Решение дальнейшей судьбы Муанты не в моей компетенции. Впрочем, уважаемый Совет ознакомился с рапортом соответствующей комиссии. Как криогеник я хочу только заверить, что оживление остается вопросом двух-трех дней.
Поднялся делегат того народа, чьим владыкой и тираном некогда был Муанта.
— Наше государство по сей день отмечает Праздник Освобождения, и великий президент, гениальный поэт Рауль Сермено, который сверг режим Муанты, относится к числу наших самых прославленных народных героев. А низкий, подлый и бесстыжий Муанта остался в истории моего народа столь же ненавистной и мрачной фигурой, как, например, в истории Италии — Муссолини. Мы стыдимся Муанты. Президент Рауль Сермено, известный своим великодушием, отослал в 2000 году ящик с телом диктатора в Институт криогеники. С одной стороны, трудно наказывать человека за преступление, совершенное восемьдесят лет назад. С другой же — неужели платой за кровь и слезы невинных должны быть последующие восемьдесят лет счастливого существования в достатке и благополучии, гарантированном современным уровнем развития? К тому же не следует забывать, что когда этот человек проснется, в его представлении время, минувшее с момента последнего вынесенного им приговора, будет исчисляться не годами, а неделями или даже днями. Так что ситуация складывается парадоксальная.
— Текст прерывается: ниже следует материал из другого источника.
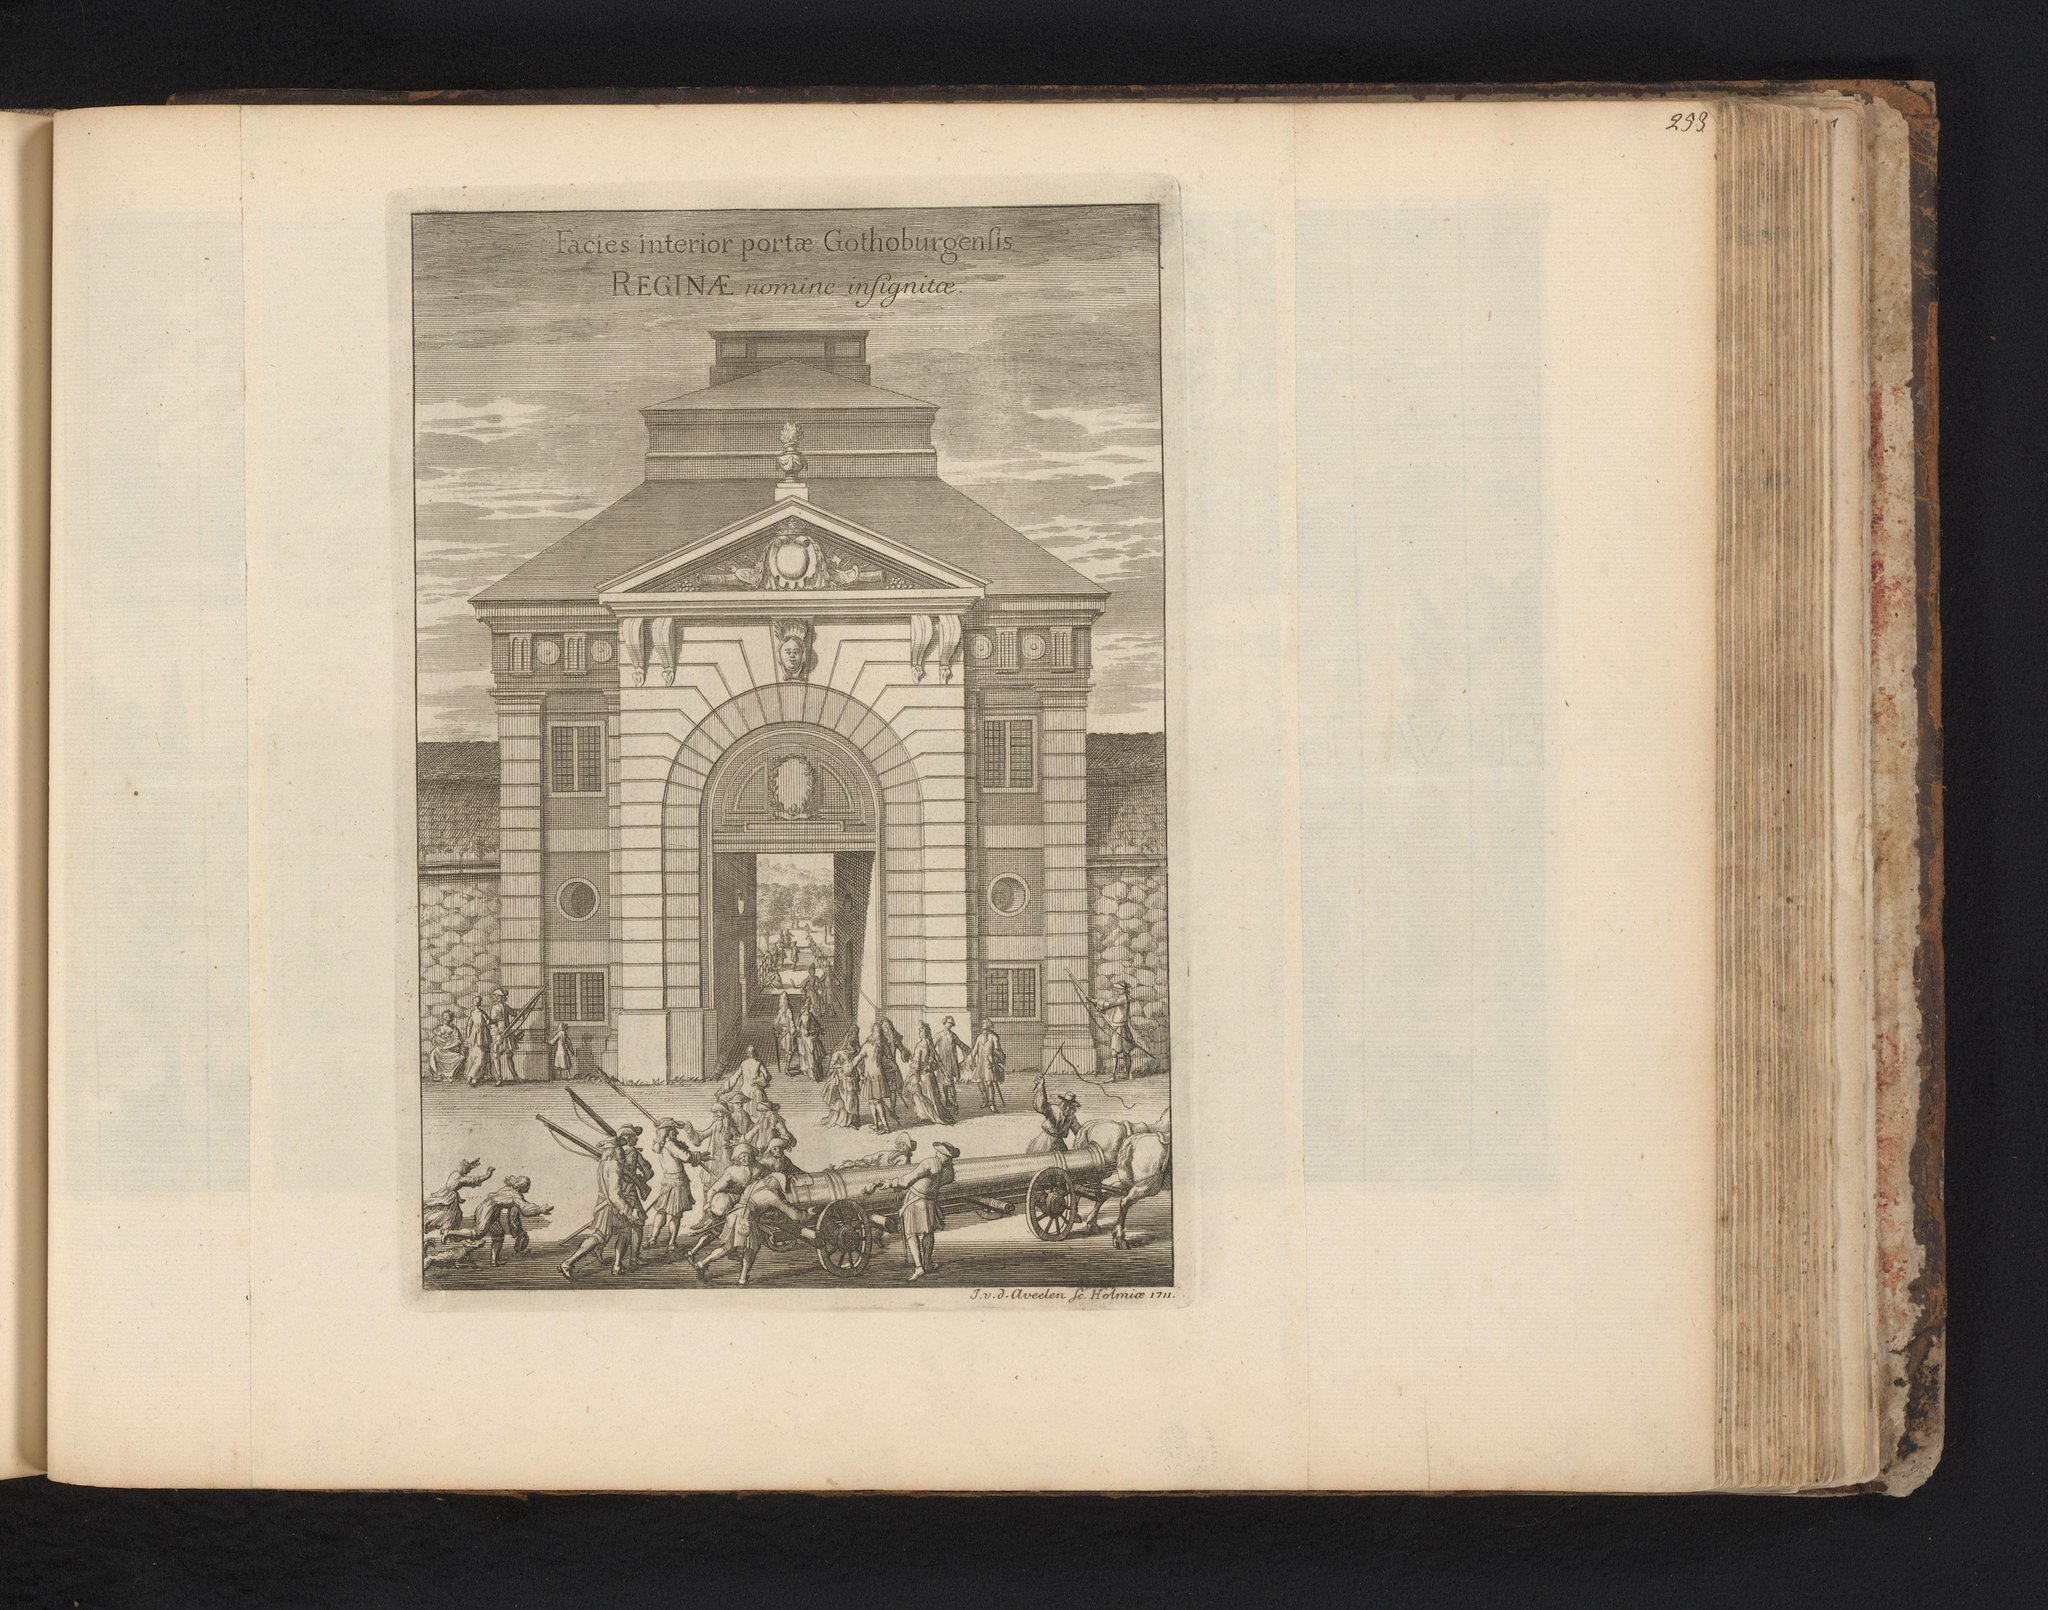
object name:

Председатель Совета озабоченно спросил:
— Что предлагает ваша делегация?
— В соответствии с существующим законом, возбудить дело против Муанты. Наши архивы переполнены доказательствами его злодеяний. В связи с отменой во всем мире смертной казни Муанте грозит пожизненное заключение. К тому же мы предполагаем, насколько это возможно, заняться его перевоспитанием.
— А как выглядит правовая сторона вопроса?
— Теоретически каждое преступление по истечении восьмидесяти лет списывается за давностью. Исключение составляют, однако, положения, касающиеся гипотермированных пилотов космических кораблей. Мы предлагаем распространить эту клаузулу также на тех лиц, которые были заморожены до двухтысячного года.
— Ни один закон не должен иметь обратной силы!
— Да, но это еще не аргумент в пользу безнаказанности столь чудовищного преступления!